Omega-3 contains important fats that your body needs to function properly. So you need it to stay healthy.
How do you know if you have an omega-3 deficiency?
An omega-3 deficiency can be recognized by several symptoms, including:
- brittle nails
- dry hair
- fatigue
- very thirsty and needing to urinate
- a bad memory
- blurred vision and/or dry eyes
- concentration problems
- despondency
- feeling tense/anxious
- forgetfulness
- mood swings
These symptoms may be attributed to other deficiencies or problems, so always consult a doctor if you experience them persistently or are concerned.

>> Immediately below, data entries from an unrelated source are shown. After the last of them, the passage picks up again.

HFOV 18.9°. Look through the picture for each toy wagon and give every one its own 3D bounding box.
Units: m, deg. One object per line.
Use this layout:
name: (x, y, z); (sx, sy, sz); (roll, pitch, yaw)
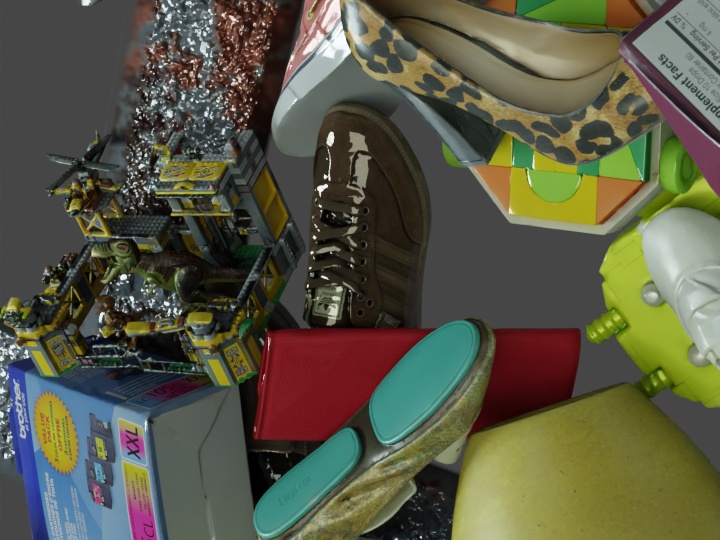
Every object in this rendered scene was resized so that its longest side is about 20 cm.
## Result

Which foods contain omega-3?
Omega-3 consists of three different fatty acids: ALA (alpha-linolenic acid), EPA (eicosapentaenoic acid) and DHA (docosahexaenoic acid).
ALA fatty acids come from plant products. ALA can be found in, among other things:
- flax seed
- chia seeds
- walnuts
- spinach
- white beans
- chickpeas
EPA and DHA are found in algae or fish oil. You can find EPA and DHA in:
- salmon
- mackerel
- herring
- oysters
- sardines
- other fish
How much omega-3 can I take?
Your body doesn't produce omega-3s on its own. The recommended daily amount is between 250 and 500 mg.
Two Guud Inside capsules contain 300 mg DHA and 150 mg EPA.
How long can I take omega-3?
How long you can take omega-3 depends on your individual needs and personal situation. Ensure you're getting enough omega-3 from your diet and supplement your diet with an omega-3 supplement if necessary. Consult a doctor if you suspect you have an omega-3 deficiency and would like personalized advice.
What is the difference between omega-3 and omega 6 and omega 9?
Omega-3, -6 and -9 are all polyunsaturated fatty acids, but they differ in their structure and functions.
- Omega-3 fatty acids, such as EPA and DHA, are mainly found in oily fish.
- Omega-6 fatty acids, such as linoleic acid, are found in vegetable oils, but excessive intake can be detrimental to health.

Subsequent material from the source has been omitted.